Parameter Description:

  • D: Specifies the interval between screen information refreshes. Of course, the user can use the S interactive command to change this.
  • P: Monitors only the status of a process by specifying the process ID.
  • Q: This option will refresh top without any delay. If the caller has superuser privileges, top will run with the highest priority possible.
  • S: Specify the accumulative mode.
  • S: Run the top command in safe mode. This removes the potential dangers of interactive commands.
  • I: Make top not show any idle or dead processes.
  • C: Displays the entire command line instead of just the command name.

Command description:

  1. System uptime and average load:
Top-20:20:16 up 16:18, 4 Users, Load Average: 0.00, 0.01, 0.04Copy the code

The top command displays output similar to that of the uptime command

These fields show:

  • The current time
  • Time the system has been running
  • Number of current logged-in users
  • Average load in the last 1, 5, and 15 minutes.

You can use the ‘l’ command to switch the display of uptime

  1. task
Tasks: 112 total,   1 running, 104 sleeping,   7 stopped,   0 zombie
Copy the code

Tasks – There are currently 122 processes in the system, including 1 running, 103 sleeping, 7 stoped, and 0 zombie. The summary information of these processes can be displayed with ‘T’.

  1. State of the CPU
%Cpu(s): 0.0us, 0.3SY, 0.0Ni, 99.7id, 0.0wa, 0.0hi, 0.0Si, 0.0stCopy the code

Here is the percentage of CPU time used in different modes. These different CPU times are represented as:

  • Us, user: CPU time for running (unprioritized) user processes
  • Sy, system: CPU time for running kernel processes
  • Ni, niced: CPU time to run a user process whose priority has been adjusted
  • Wa, IO wait: CPU time used to wait for I/O completion
  • Hi: CPU time to handle hardware interrupts
  • Si: CPU time to process software interrupts
  • St: The amount of CPU time stolen by the hypervisor from this vm.

The display can be switched using the ‘t’ command.
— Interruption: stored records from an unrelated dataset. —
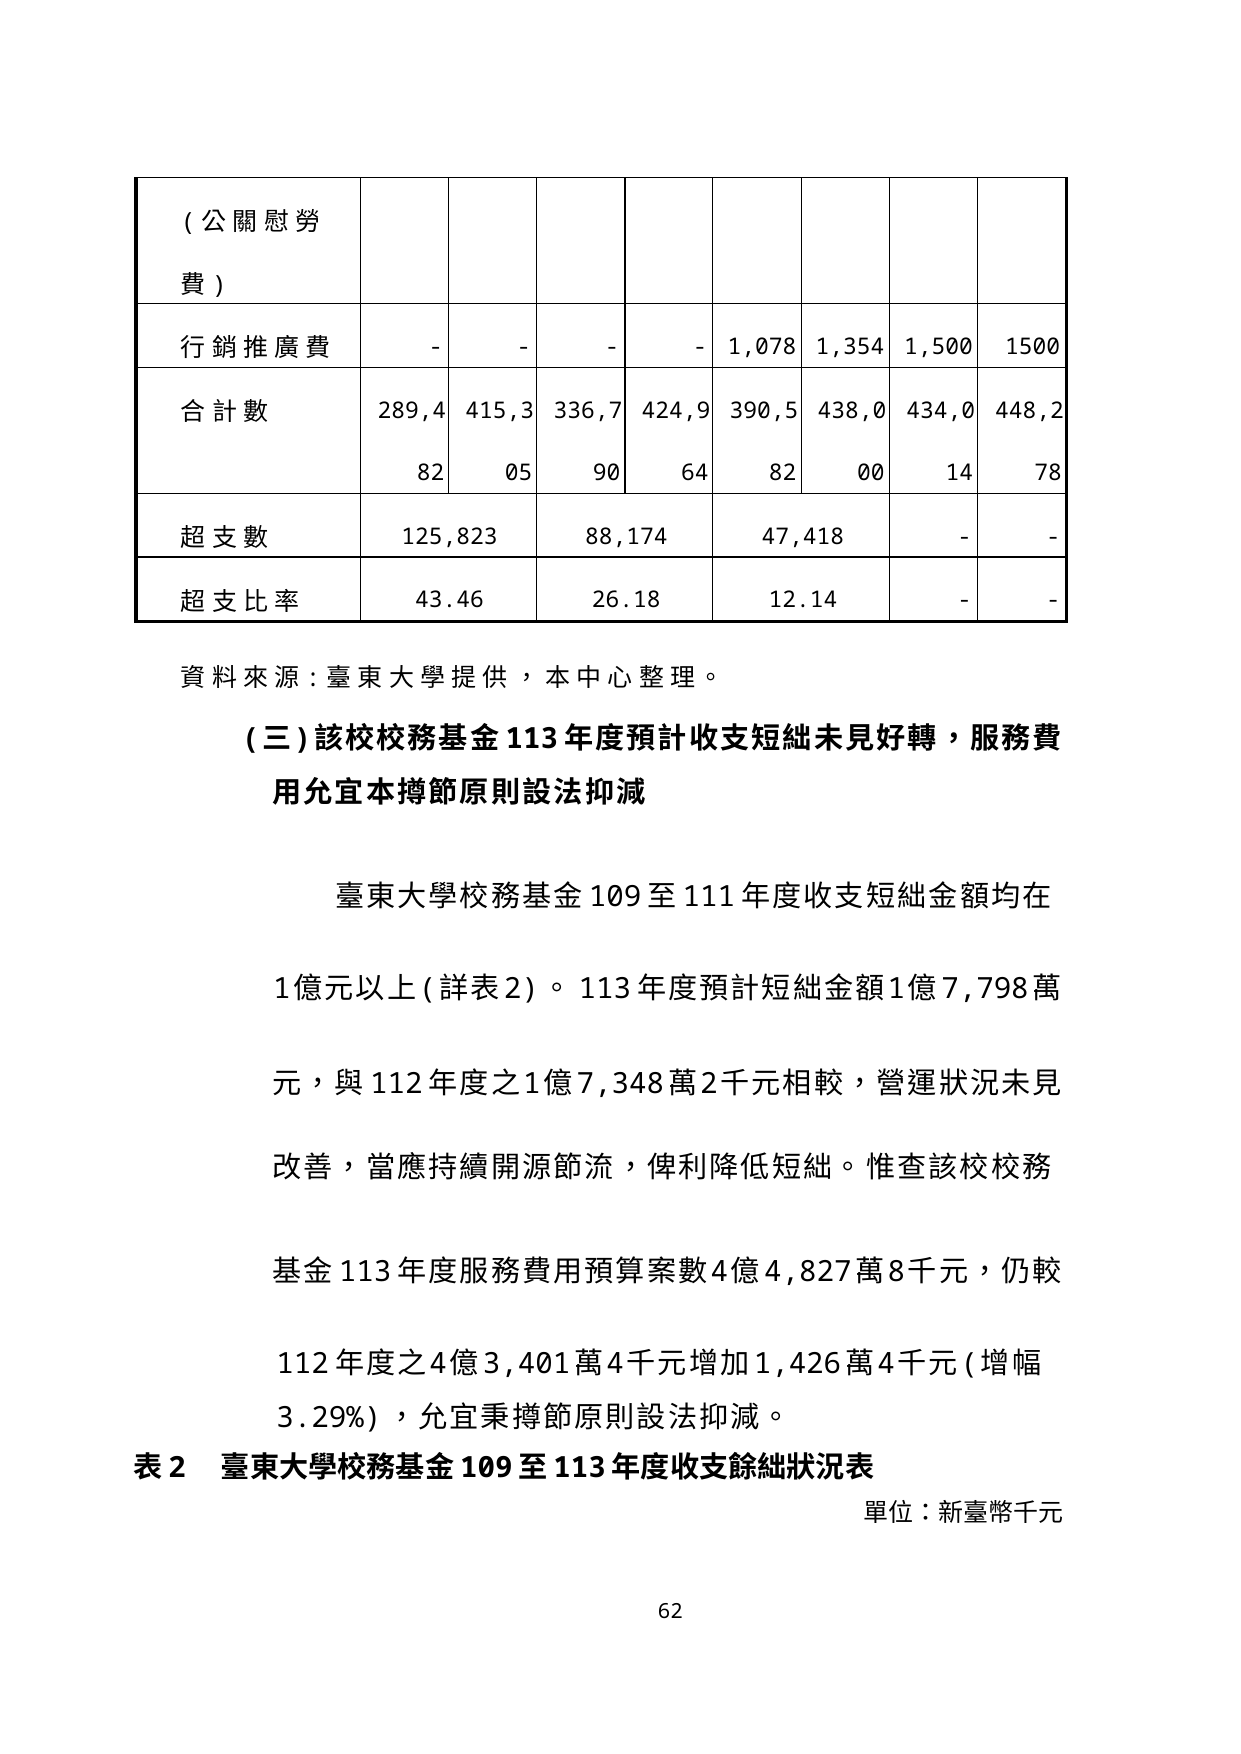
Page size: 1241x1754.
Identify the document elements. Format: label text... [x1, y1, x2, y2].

table_cell 424,964 [626, 368, 712, 493]
table_cell 超支數 [138, 494, 360, 556]
table_cell 行銷推廣費 [138, 304, 360, 367]
table_cell 47,418 [713, 494, 889, 556]
table_cell [713, 178, 801, 303]
table_cell 434,014 [890, 368, 977, 493]
table_cell 1500 [978, 304, 1065, 367]
table_cell - [890, 558, 977, 620]
table_cell 43.46 [361, 558, 536, 620]
table_cell 合計數 [138, 368, 360, 493]
text 臺東大學校務基金109至111年度收支短絀金額均在1億元以上(詳表2)。113年度預計短絀金額1億7,798萬元，與112年度之1億7,348萬2千元相較，營運狀況未見改善，當應持續開源節流，俾利降低短絀。惟查該校校務基金113年度服務費用預算案數4億4,827萬8千元，仍較112年度之4億3,401萬4千元增加1,426萬4千元(增幅3.29%)，允宜秉撙節原則設法抑減。 [266, 811, 1063, 1436]
table_cell 1,500 [890, 304, 977, 367]
text 單位：新臺幣千元 [133, 1488, 1063, 1529]
table_cell 125,823 [361, 494, 536, 556]
table_cell - [890, 494, 977, 556]
table_cell 26.18 [537, 558, 712, 620]
table_cell [978, 178, 1065, 303]
table_cell [626, 178, 712, 303]
table_cell - [978, 558, 1065, 620]
table_cell 12.14 [713, 558, 889, 620]
table_cell 415,305 [449, 368, 536, 493]
table_cell - [978, 494, 1065, 556]
text 表2 臺東大學校務基金109至113年度收支餘絀狀況表 [133, 1436, 1078, 1488]
table_cell 390,582 [713, 368, 801, 493]
table_cell - [537, 304, 624, 367]
table_cell (公關慰勞費) [138, 178, 360, 303]
table_cell 438,000 [802, 368, 889, 493]
table_cell 448,278 [978, 368, 1065, 493]
table_cell - [626, 304, 712, 367]
table_cell 289,482 [361, 368, 448, 493]
table_cell 88,174 [537, 494, 712, 556]
text (三)該校校務基金113年度預計收支短絀未見好轉，服務費用允宜本撙節原則設法抑減 [236, 686, 1063, 811]
table_cell [449, 178, 536, 303]
table_cell [802, 178, 889, 303]
table_cell 1,354 [802, 304, 889, 367]
table_cell [537, 178, 624, 303]
table_cell - [449, 304, 536, 367]
table_cell 1,078 [713, 304, 801, 367]
text 資料來源:臺東大學提供，本中心整理。 [133, 623, 1063, 686]
table_cell 336,790 [537, 368, 624, 493]
table_cell [890, 178, 977, 303]
table_cell - [361, 304, 448, 367]
table_cell [361, 178, 448, 303]
table_cell 超支比率 [138, 558, 360, 620]
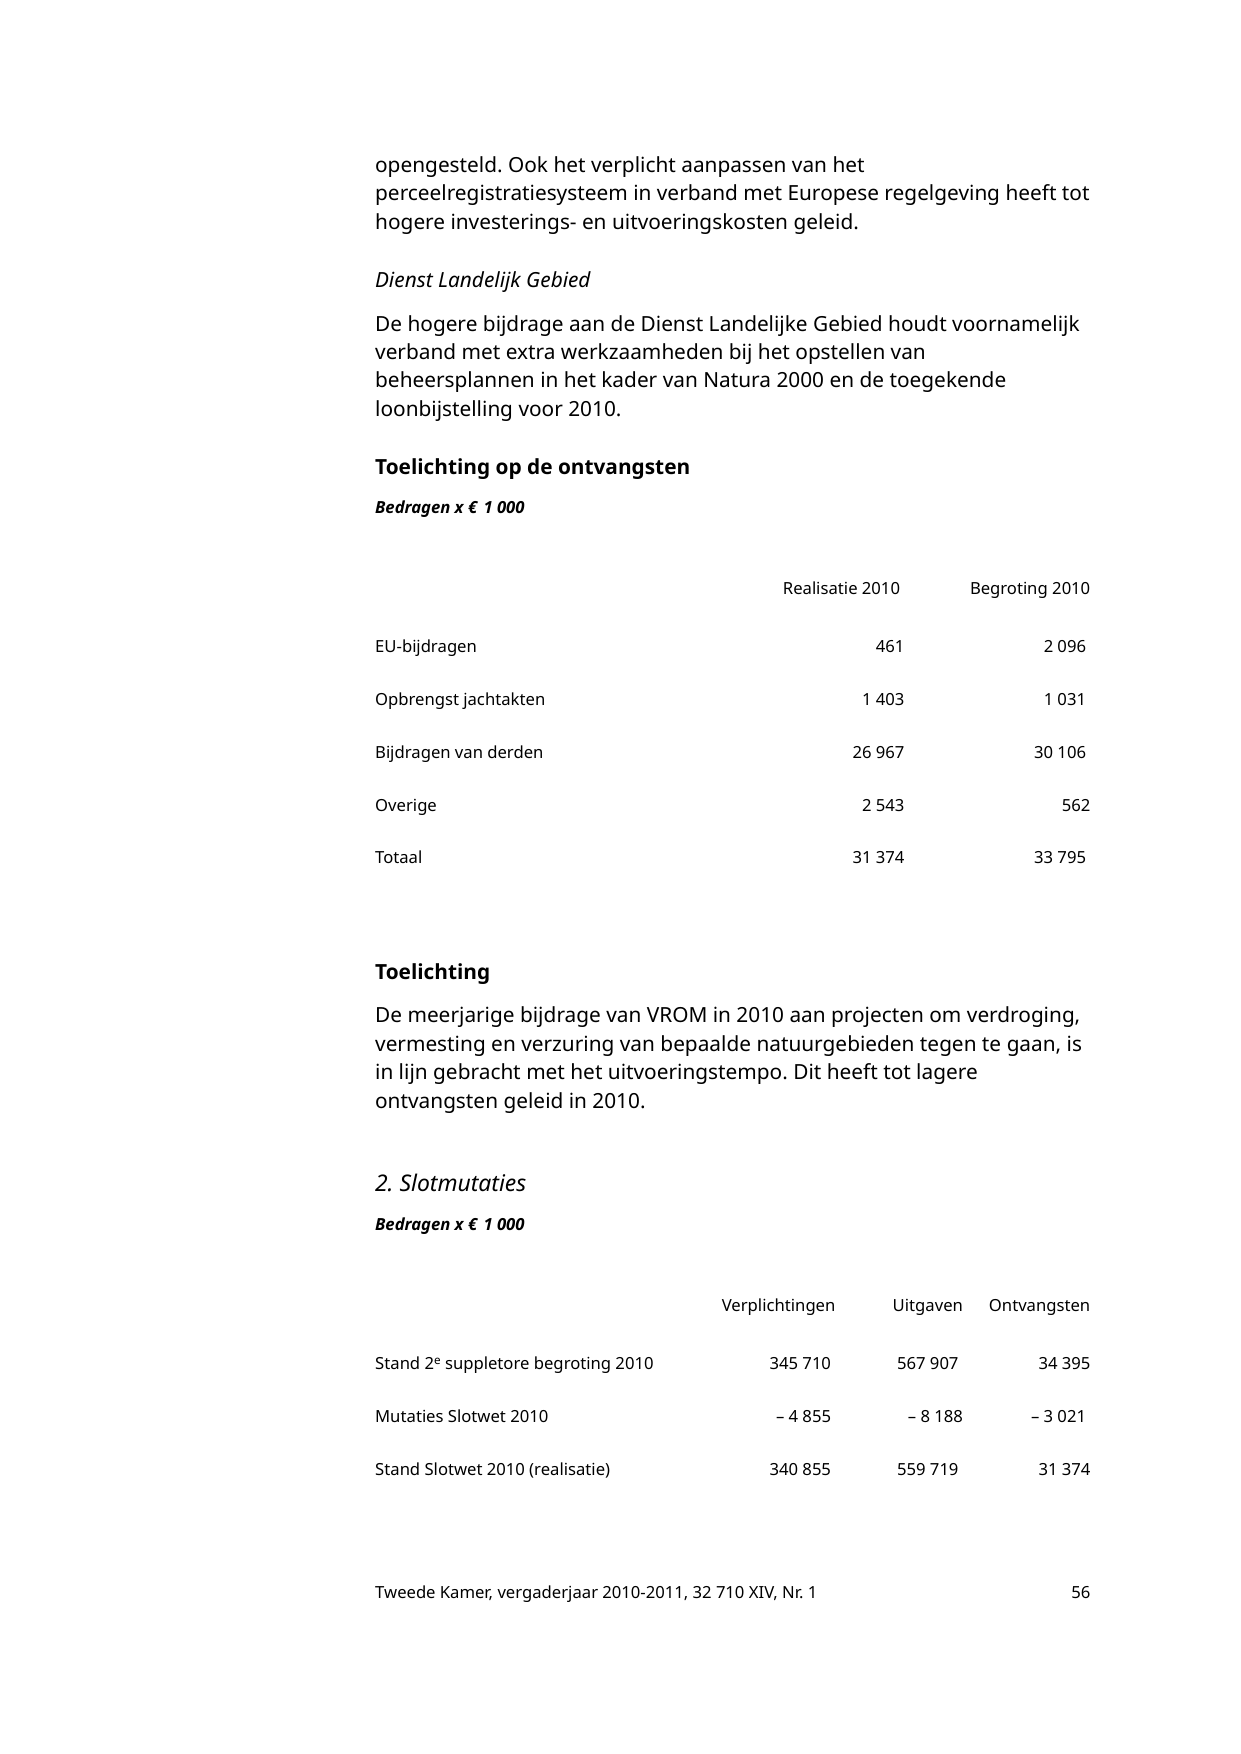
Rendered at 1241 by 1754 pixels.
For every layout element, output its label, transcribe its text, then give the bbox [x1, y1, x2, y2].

subtitle 2. Slotmutaties [375, 1167, 1090, 1198]
text Toelichting [375, 957, 1090, 985]
table_cell – 4 855 [708, 1405, 835, 1457]
table_cell 1 031 [904, 688, 1090, 740]
table_header Realisatie 2010 [718, 577, 904, 635]
table_cell – 8 188 [835, 1405, 963, 1457]
table_cell 31 374 [718, 846, 904, 898]
table_cell Mutaties Slotwet 2010 [375, 1405, 708, 1457]
text Dienst Landelijk Gebied [375, 265, 1090, 294]
table_header Ontvangsten [963, 1294, 1090, 1352]
text De meerjarige bijdrage van VROM in 2010 aan projecten om verdroging, vermesting en verzuring van bepaalde natuurgebieden tegen te gaan, is in lijn gebracht met het uitvoeringstempo. Dit heeft tot lagere ontvangsten geleid in 2010. [375, 1000, 1090, 1114]
table_cell 31 374 [963, 1458, 1090, 1510]
text Bedragen x € 1 000 [375, 1213, 1090, 1236]
table_cell 567 907 [835, 1352, 963, 1405]
table_cell 2 096 [904, 635, 1090, 688]
table_cell – 3 021 [963, 1405, 1090, 1457]
text De hogere bijdrage aan de Dienst Landelijke Gebied houdt voornamelijk verband met extra werkzaamheden bij het opstellen van beheersplannen in het kader van Natura 2000 en de toegekende loonbijstelling voor 2010. [375, 309, 1090, 422]
table_cell 461 [718, 635, 904, 688]
table_cell 2 543 [718, 793, 904, 846]
table_cell 26 967 [718, 740, 904, 793]
table_cell 1 403 [718, 688, 904, 740]
table_cell 340 855 [708, 1458, 835, 1510]
table_cell Stand Slotwet 2010 (realisatie) [375, 1458, 708, 1510]
table_cell 562 [904, 793, 1090, 846]
table_cell 34 395 [963, 1352, 1090, 1405]
text opengesteld. Ook het verplicht aanpassen van het perceelregistratiesysteem in verband met Europese regelgeving heeft tot hogere investerings- en uitvoeringskosten geleid. [375, 150, 1090, 235]
table_cell EU-bijdragen [375, 635, 718, 688]
table_cell Opbrengst jachtakten [375, 688, 718, 740]
table_cell Overige [375, 793, 718, 846]
table_cell 30 106 [904, 740, 1090, 793]
table_header Begroting 2010 [904, 577, 1090, 635]
table_cell 559 719 [835, 1458, 963, 1510]
table_cell Bijdragen van derden [375, 740, 718, 793]
table_header Verplichtingen [708, 1294, 835, 1352]
table_header [375, 1294, 708, 1352]
table_cell 33 795 [904, 846, 1090, 898]
table_header Uitgaven [835, 1294, 963, 1352]
table_cell Stand 2e suppletore begroting 2010 [375, 1352, 708, 1405]
table_cell 345 710 [708, 1352, 835, 1405]
text Bedragen x € 1 000 [375, 496, 1090, 519]
table_header [375, 577, 718, 635]
table_cell Totaal [375, 846, 718, 898]
text Toelichting op de ontvangsten [375, 452, 1090, 481]

  • 0.0% US – The percentage of CPU occupied by user space
  • 0.3% SY – The percentage of CPU occupied by kernel space
  • 0.0% NI – The percentage of CPU used by processes that changed their priority
  • 99.7% ID – Percentage of idle CPUS
  • 0.0% CPU usage of WA-IO waits
  • 0.0% HI – Percentage of hard interrupts (IRQ) used by cpus
  • 0.0% SI – Percentage of the CPU used by Software Interrupts
  1. Memory usage
KiB Mem :   995896 total,   432992 free,   168912 used,   393992 buff/cache
KiB Swap:  2097148 total,  2084084 free,    13064 used.   621592 avail Mem
Copy the code

The next two lines show memory usage, somewhat like the ‘free’ command.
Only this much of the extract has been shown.